I didn’t hear what Amy was saying. I had seen the man who was giving them directions, his dark clothes hardly picked out by the car lights. I couldn’t see who he was, so I listened, to hear if he was speaking Spanish.

But it was English. And the shoulder flashes of the men he was commanding, when they came round to where our car was, showed the RSLPF of the St Lucia police.

Our Indians had arrived.

Porter had seen them too. He stood outside our car, his fingers white on the window-ledge, his hair like fire in the light of the circle of cars, and watched Johnson limp over.

Porter said, ‘You son of a bitch. You drove them into this trap. What did they do? Smuggle coke, you tell me. Ship out a few snorts to make some party swing better. Cheating the Customs: who doesn’t? Dodging the lawmen: who doesn’t? At least it makes the party go, man. It doesn’t make you sick to your stomach like wet-nosed cripples who shoot women because they can’t lay them . . .’

He was shaking. He said, ‘That’s my grandfather out there. That’s my uncle. You know what? I admire them.’

Johnson was looking straight out over the caldera. In the gale, the steam acted like a sort of white fire, flickering and darting and sometimes almost hidden by gushers of black that sprayed up and shuddered and fell down again anyhow.

When that happened, the line of men nearest the edge dropped unevenly back, like a ripple, until the steam eddied and corkscrewed and finally dropped down again.

I said, ‘Out there? They’re not in the caldera?’

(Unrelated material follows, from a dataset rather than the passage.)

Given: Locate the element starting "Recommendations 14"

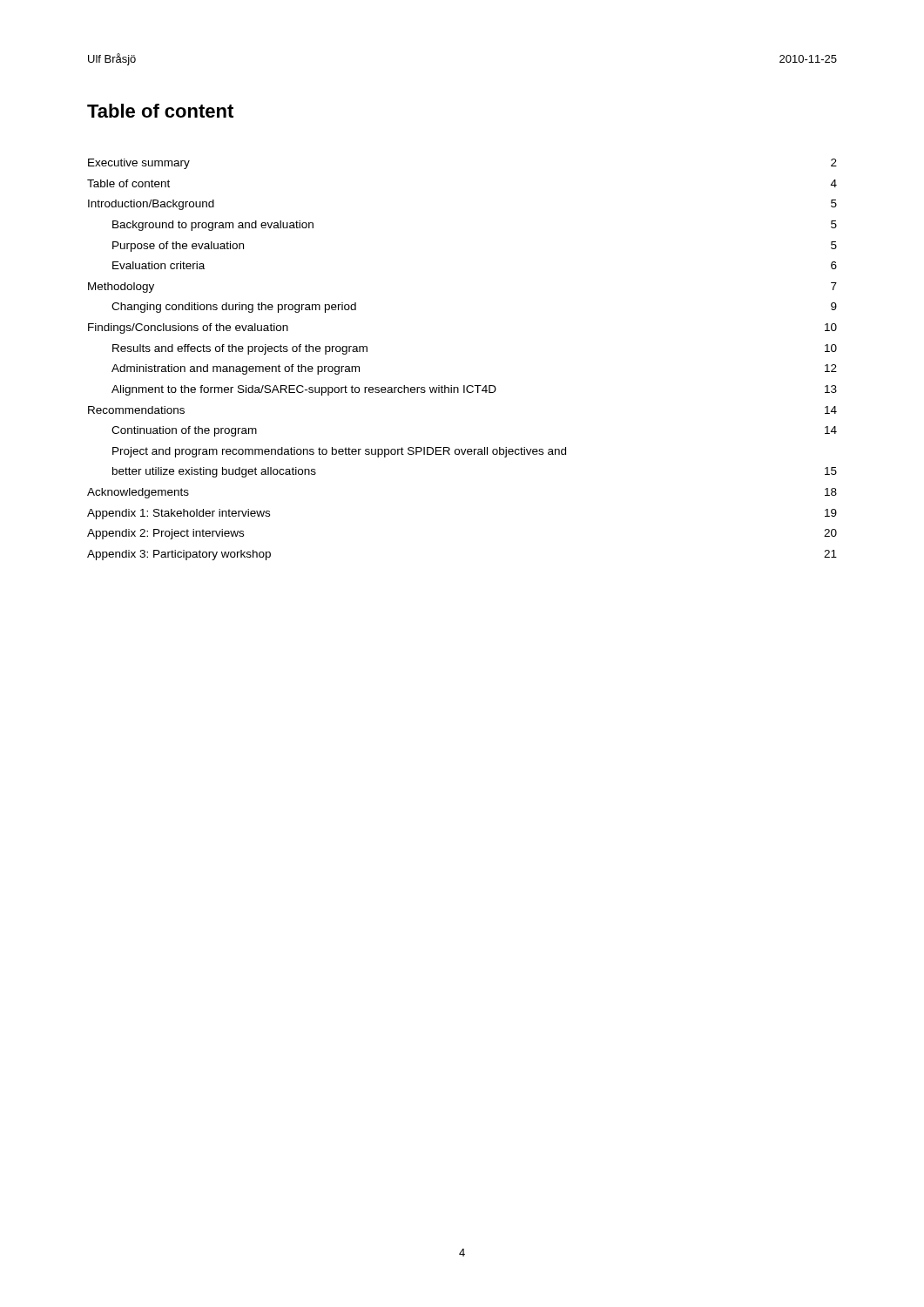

And then I saw that they were. A tall figure, and one that was short and crooked and determined in the set of its shoulders, crouching a little too late when the jets of steam came; turning a little too slowly when the tall man, without his cockerel mask, took advantage of a lull to make ground from one ridge to another.

He didn’t look back. You could hear the old man calling, at times, when the wind came round. And behind the steam, at the end of the caldera, was what the tall man was making for. The steep, forested slopes of the hill, where he could blend into darkness and run.

I said, ‘Could he make it?’

‘It’s full of banks and ridges,’ Johnson said. ‘If he keeps clear of the mud.’